Java vulnerabilities continue to crop up with Java 7, Update 11 release


Polish security research firm Security Explorations announced on Friday that it had submitted two new Java vulnerabilities, along with proof-of-concept code, to Oracle, making it clear that significant security issues remain in Java even after last week's patch. In a post to the Full Disclosure list, Security Explorations CEO Adam Gowdiak said, "We have successfully confirmed that a complete Java security sandbox bypass can be still gained under the recent version of Java 7, Update 11."

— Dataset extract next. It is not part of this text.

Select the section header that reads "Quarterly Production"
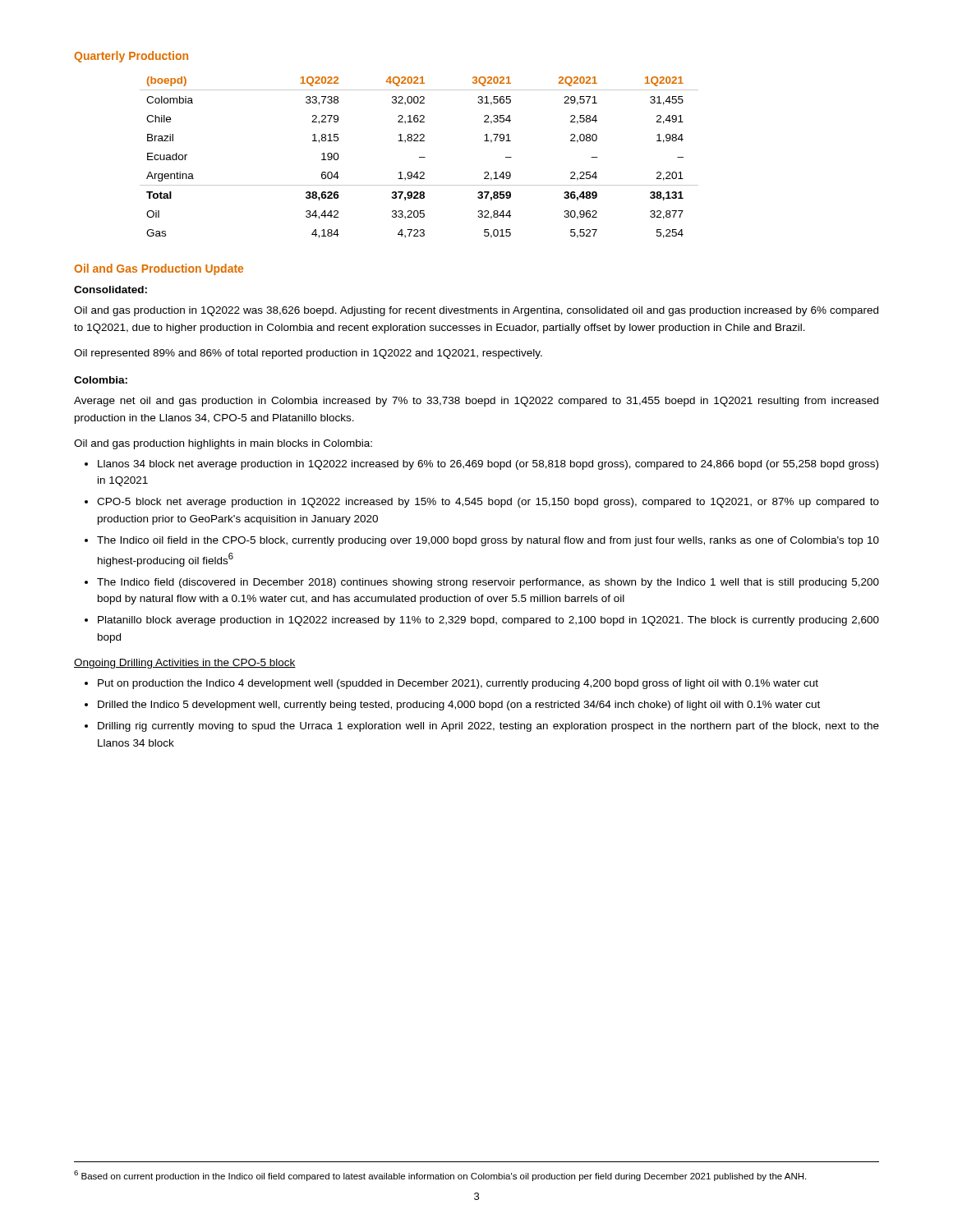 (131, 56)
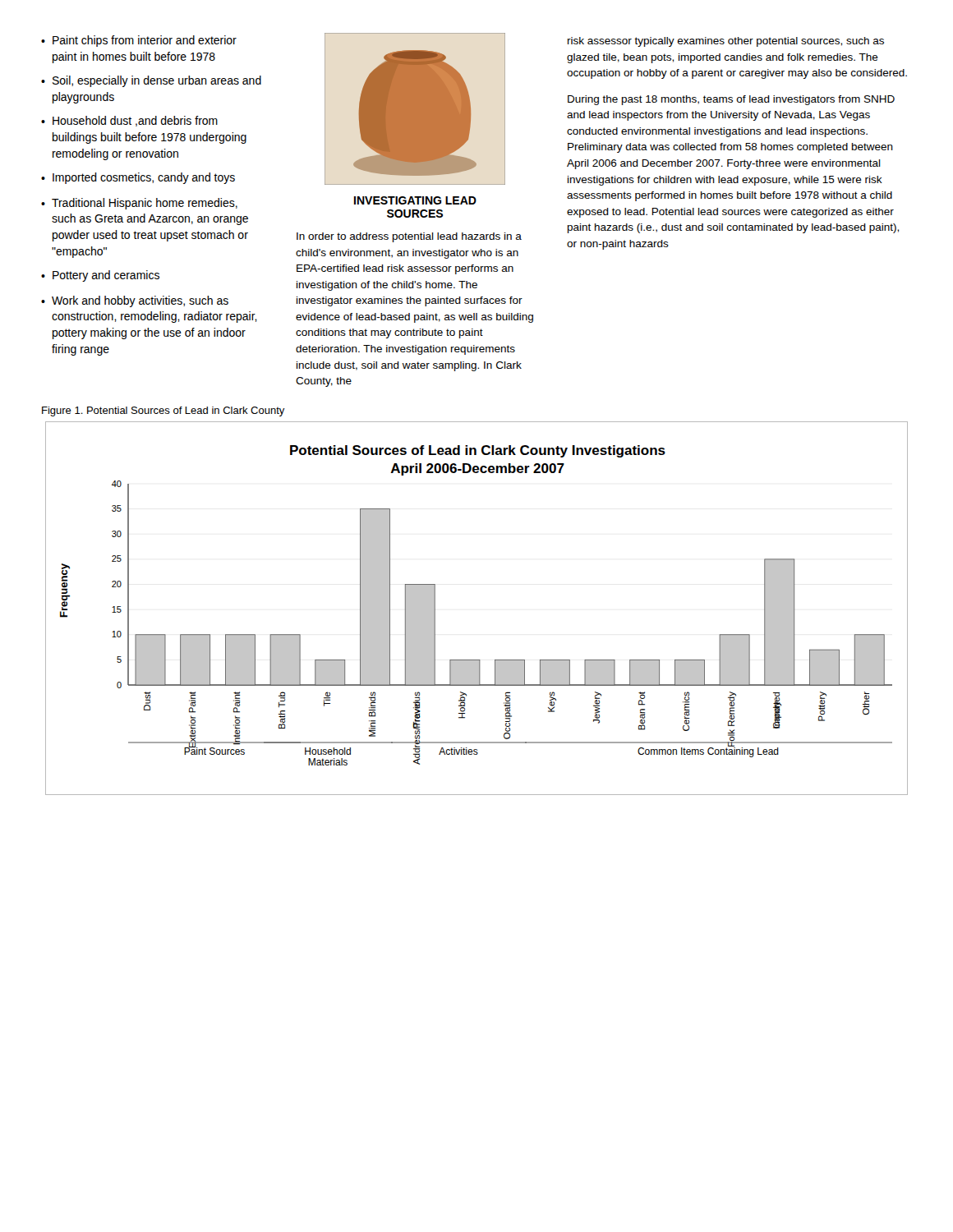Click on the passage starting "Figure 1. Potential Sources of Lead in"

pyautogui.click(x=163, y=410)

This was the final negative development in what was a tough week for Java's reputation. Toward the end of the week, the Java story even intersected in a small way with the week's other large story, the Red October barrage exposed by Kaspersky Labs. An Israeli firm, Seculert, determined that at least one previously identified Java exploit was used in Red October's arsenal of exploit code.
According to a Seculert blog entry:
After investigating the command-and-control servers used in the "Red October" campaign, Seculert identified a special folder used by the attackers for an additional attack vector. In this vector, the attackers sent an email with an embedded link to a specially crafted PHP webpage. This webpage exploited a vulnerability in Java (CVE-2011-3544).
The entry goes on to explain that this vulnerability had been known (as the CVS entry indicates) since 2011 and was, at least theoretically, old news by the time it was compiled into a Java JAR file in February of 2012.
The Seculert analysis came on the heels of DHS continuing to recommend that users disable Java on their computer, even though Oracle issued a patch. The update, issued January 14, said that "new Java vulnerabilities are likely to be discovered. To defend against this and future Java vulnerabilities, consider disabling Java in Web browsers until adequate updates are available." The first two of those "future Java vulnerabilities" surfaced the very next day, courtesy of Security Explorations.
For those who have disabled Java, there is some reluctance to turn it back on any time soon. HD Moore, chief security officer at Boston-based Rapid7 and chief architect of Metasploit, said "the reasoning is that it took Oracle a year just to handlesome of the privilege escalation cases reported by Security Explorations. At this rate, it may be another two years before this class of bugs is fully eradicated from the code base."
Part of the problem with Java, Moore noted, is that the approach it takes with its version of sandboxing is long in the tooth: "The Java sandbox was designed when the threat to desktop users was very different. The current generation of sandboxes (Chrome, Adobe, IE) are implemented one level higher --restricting what the sandboxed process can do and not trying to enforce all of the logic within the runtime itself. Java's sandbox is still of the older variety, all it takes is one logic flaw, or some form of memory corruption, to go from a webpage to running code in the context of the user." He pointed to an example where Windows 8, even though it "made a number of improvements in the area of browser security," still falls prey to the current Java flaws and yields a remote shell.
Significant security issues notwithstanding, experts said that asking IT to walk away from Java for any length of time isn't necessarily doable.
Hilik Kotler, co-founder and EVP of product development for Promisec, said recommending that key software tools simply be abandoned isn't a workable strategy. "This week it's Java, but two weeks ago it was Internet Explorer, and two months ago it was Adobe that couldn't be used safely." Kotler believes that managing vulnerabilities shouldn't mean changing the work environment that one's employees are used to. Recommending that software not be used, he said, "is the easiest solution when you don't have the right tools."